Fortunately JavaScript provides us with a technique to do just that.
TRY/CATCH
If exceptions always zoomed down the stack and blew it up, they wouldn’t be of much use.
Try/Catch statements are a way to contain and handle exceptions. It is defined with a try
keyword followed by curly braces, and our code is defined inside of it and then a catch
statement or a finally
statement with curly braces also.
try{
//block of code goes here
}
catch{
//error handing code goes here
}
If an exception occurs inside the try
block, they come out of it ( every other thing in the try
block will be ignored ) and are handled by code defined in the catch
block.
After the code in our catch
statement runs our engine resumes executing code below the catch
block. This way our program doesn’t always crash when there is an error.

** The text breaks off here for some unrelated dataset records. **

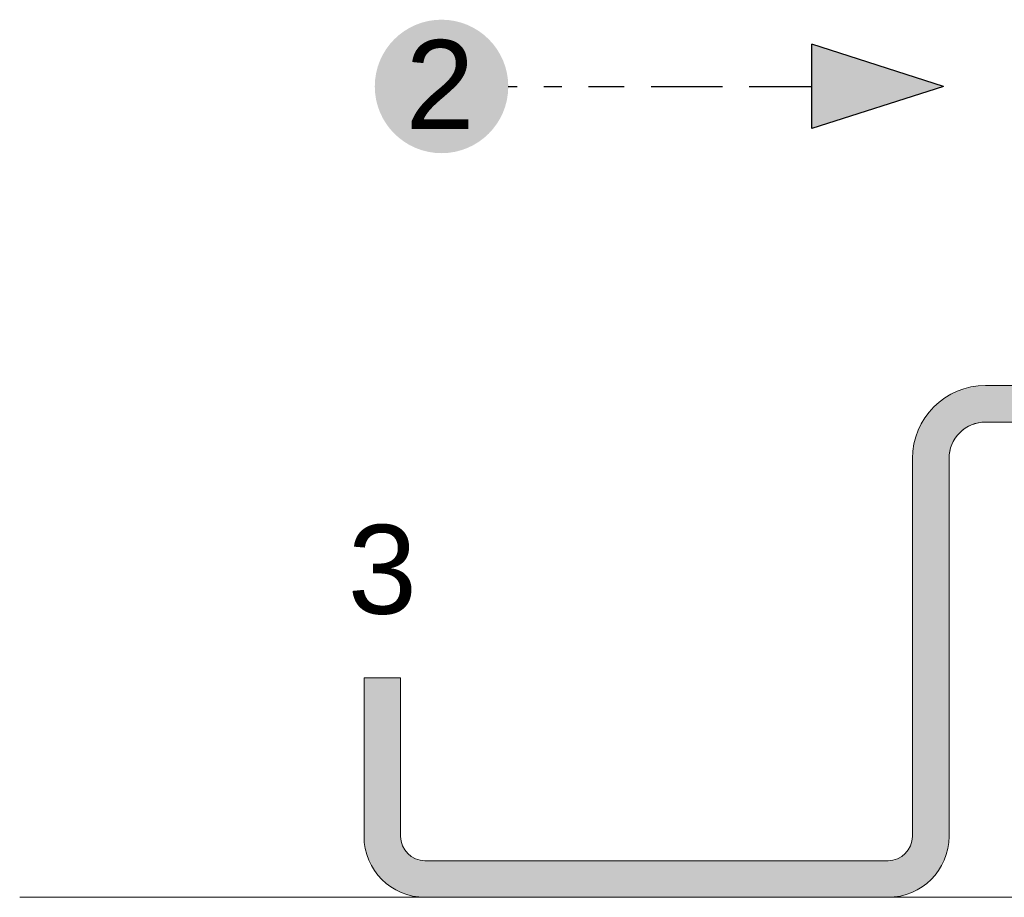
# Model space of a CAD drawing. Header units: millimetres. Extents: x -7814 to 55813, y 465 to 25965.
# Tile 99 of 112: x 51681 to 52085, y 18265 to 18625. Entities that reach past the tile are written whole.
import ezdxf

# ---------------------------------------------------------------- set-up
doc = ezdxf.new("R2010")
doc.units = ezdxf.units.MM
for name, color, linetype, lineweight in [('2D - Ogolne5', 161, 'Continuous', 25), ('2D Drafting - General102', 254, 'Continuous', 13), ('2D Drafting - General2', 251, 'Continuous', 15), ('2D Drafting - General5', 161, 'Continuous', 25), ('Opisy - Tekst121', 255, 'Continuous', 0)]:
    doc.layers.add(name, color=color, linetype=linetype, lineweight=lineweight)
doc.styles.add('GENERATED_STYLE_5', font='arial.ttf')

msp = doc.modelspace()

# ---------------------------------------------------------------- hatches: boundary and pattern name
at = {"layer": '2D - Ogolne5', "linetype": 'Continuous'}
msp.add_hatch(color=256, dxfattribs=at).paths.add_polyline_path([(51826.97308833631, 18598.07149666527, 0.9999999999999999), (51881.74109427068, 18598.07149666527, 0.9999999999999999)], flags=0)
at = {"layer": '2D Drafting - General102', "linetype": 'Continuous'}
h = msp.add_hatch(color=256, dxfattribs=at)
edge = h.paths.add_edge_path()
edge.add_line((51822.54745608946, 18355.37870039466), (51822.54745608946, 18290.37870039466))
edge.add_arc((51847.54745608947, 18290.37870039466), 25.00000000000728, 180, 269.9999999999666)
edge.add_line((51847.54745608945, 18265.37870039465), (52037.54745608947, 18265.37870039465))
edge.add_arc((52037.54745608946, 18290.37870039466), 25.00000000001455, 270.0000000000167, 360)
edge.add_line((52062.54745608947, 18290.37870039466), (52062.54745608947, 18445.37870039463))
edge.add_arc((52077.54745608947, 18445.37870039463), 15.00000000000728, 90.00000000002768, 180, ccw=False)
edge.add_line((52077.54745608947, 18460.37870039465), (52182.54745608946, 18460.37870039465))
edge.add_arc((52182.54745608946, 18490.37870039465), 30, 270, 360)
edge.add_line((52212.54745608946, 18490.37870039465), (52212.54745608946, 18561.20142671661))
edge.add_line((52212.54745608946, 18561.20142671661), (52197.54745608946, 18561.20142671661))
edge.add_line((52197.54745608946, 18561.20142671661), (52197.54745608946, 18490.37870039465))
edge.add_arc((52182.54745608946, 18490.37870039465), 15, -90, 0, ccw=False)
edge.add_line((52182.54745608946, 18475.37870039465), (52077.54745608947, 18475.37870039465))
edge.add_arc((52077.54745608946, 18445.37870039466), 29.99999999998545, 89.9999999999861, 180)
edge.add_line((52047.54745608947, 18445.37870039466), (52047.54745608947, 18290.37870039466))
edge.add_arc((52037.54745608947, 18290.37870039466), 10, -90, 0, ccw=False)
edge.add_line((52037.54745608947, 18280.37870039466), (51847.54745608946, 18280.37870039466))
edge.add_arc((51847.54745608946, 18290.37870039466), 10, 180, 270, ccw=False)
edge.add_line((51837.54745608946, 18290.37870039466), (51837.54745608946, 18355.37870039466))
edge.add_line((51837.54745608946, 18355.37870039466), (51822.54745608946, 18355.37870039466))
at = {"layer": '2D Drafting - General5', "linetype": 'Continuous'}
msp.add_hatch(color=256, dxfattribs=at).paths.add_polyline_path([(52006.23389374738, 18615.34726725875), (52006.23389374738, 18580.79572607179), (52060.33260554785, 18598.07149666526)], flags=0)

# ---------------------------------------------------------------- linework, layer by layer
at = {"layer": '2D - Ogolne5', "linetype": 'Continuous'}
for p, q in [((52060.33260554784, 18598.07149666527), (52006.23389374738, 18615.34726725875)), ((52006.23389374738, 18580.79572607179), (52006.23389374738, 18615.34726725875)), ((51881.74109427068, 18598.07149666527), (51885.40073791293, 18598.07149666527)), ((51896.37966883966, 18598.07149666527), (51903.69895612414, 18598.07149666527)), ((51914.67788705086, 18598.07149666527), (51929.31646161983, 18598.07149666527)), ((51940.29539254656, 18598.07149666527), (51969.57254168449, 18598.07149666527)), ((51980.55147261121, 18598.07149666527), (52006.23389374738, 18598.07149666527)), ((52060.33260554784, 18598.07149666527), (52006.23389374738, 18580.79572607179))]:
    msp.add_line(p, q, dxfattribs=at)
at = {"layer": '2D Drafting - General2', "linetype": 'Continuous'}
for p, q in [((52182.54745608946, 18475.37870039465), (52077.54745608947, 18475.37870039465)), ((52182.54745608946, 18460.37870039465), (52077.54745608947, 18460.37870039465)), ((52047.54745608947, 18445.37870039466), (52047.54745608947, 18290.37870039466)), ((52062.54745608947, 18445.37870039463), (52062.54745608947, 18290.37870039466)), ((51822.54745608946, 18355.37870039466), (51822.54745608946, 18290.37870039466)), ((51837.54745608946, 18355.37870039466), (51837.54745608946, 18290.37870039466)), ((52037.54745608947, 18280.37870039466), (51847.54745608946, 18280.37870039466)), ((51681.29362146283, 18265.37870039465), (52699.53923662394, 18265.37870039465)), ((52037.54745608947, 18265.37870039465), (51847.54745608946, 18265.37870039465)), ((52037.54745608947, 18265.37870039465), (51847.54745608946, 18265.37870039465))]:
    msp.add_line(p, q, dxfattribs=at)
at = {"layer": '2D Drafting - General2', "linetype": 'Continuous', "flags": 128}
msp.add_lwpolyline([(51822.54745608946, 18355.37870039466), (51822.54745608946, 18290.37870039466, 0.414213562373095), (51847.54745608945, 18265.37870039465), (52037.54745608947, 18265.37870039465, 0.414213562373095), (52062.54745608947, 18290.37870039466), (52062.54745608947, 18445.37870039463, -0.414213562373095), (52077.54745608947, 18460.37870039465), (52182.54745608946, 18460.37870039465, 0.414213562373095), (52212.54745608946, 18490.37870039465), (52212.54745608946, 18561.20142671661), (52197.54745608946, 18561.20142671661), (52197.54745608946, 18490.37870039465, -0.414213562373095), (52182.54745608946, 18475.37870039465), (52077.54745608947, 18475.37870039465, 0.414213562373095), (52047.54745608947, 18445.37870039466), (52047.54745608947, 18290.37870039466, -0.414213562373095), (52037.54745608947, 18280.37870039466), (51847.54745608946, 18280.37870039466, -0.414213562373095), (51837.54745608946, 18290.37870039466), (51837.54745608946, 18355.37870039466)], format="xyb", close=True, dxfattribs=at)
at = {"layer": '2D Drafting - General2', "linetype": 'Continuous'}
for centre, radius, start, end in [((52077.54745608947, 18445.37870039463), 30.00000000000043, 90, 180), ((52077.54745608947, 18445.37870039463), 15.00000000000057, 90, 180), ((51847.54745608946, 18290.37870039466), 25, 180, 270), ((51847.54745608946, 18290.37870039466), 10.00000000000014, 180, 270), ((52037.54745608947, 18290.37870039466), 10.00000000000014, 270, 0), ((52037.54745608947, 18290.37870039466), 25, 270, 0)]:
    msp.add_arc(centre, radius, start, end, dxfattribs=at)

# ---------------------------------------------------------------- texts
at = {"layer": 'Opisy - Tekst121', "linetype": 'Continuous', "char_height": 36.49779614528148, "attachment_point": 1, "style": 'GENERATED_STYLE_5'}
for s, insert in [('{2}', (51839.56939487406, 18617.09702964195)), ('{3}', (51815.89102541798, 18418.20034749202))]:
    msp.add_mtext(s, dxfattribs=dict(at, insert=insert))

doc.saveas('drawing.dxf')

Errors are handled gracefully in the context they occur in and the rest of the program is executed accordingly.
try{
//block of code goes here
}
catch{
//error handing code goes here
}
console.log(1+1) //this runs despite us encountering an error in the code above
If however no error occurs in the try
block, the code in the catch
block is ignored and our program execution resumes below the catch
block.
FINALLY
The finally
keyword specifies code that runs no matter the outcome of the try/catch block. It is defined after them.
try{
//block of code goes here
}
catch{
//error handing code goes here
}
finally{
//runs no matter the outcome of the above
}
ERROR OBJECT
Exceptions are objects that inherit from the global Error object. We can access them in our catch statement by passing exception (e) as an argument to our catch
statement.
try{
console.log (doSomething())
}
catch(e){
console.log(e.name, e.message)
}
//output: ReferenceError, doSomething is not defined
The object has three properties
E.message
: specifies the error message.E.name
: specifies the error name.E.stack
: specifies the stack of code collapsed.
There are many types of errors, these errors inherit the global Error class, the most common are:
TypeError
ReferenceError
EvalError
SyntaxError
RangeError
We can also create our own custom exception with the Error()
constructor and pass in a string as an argument which gets stored as the error message property.
After creating an exception, we can then throw it using the throw
keyword. This will be handled like any other error in a try catch block.
const myError = new Error('this is a custom error')
try{
console.log('this is a try block')
throw myError
}
catch(e){
console.log(e.message)
}
//output: 'this is a custom error'
If the throw
statement and the defined error is not defined in a try/catch statement, it will break your application like any other error would.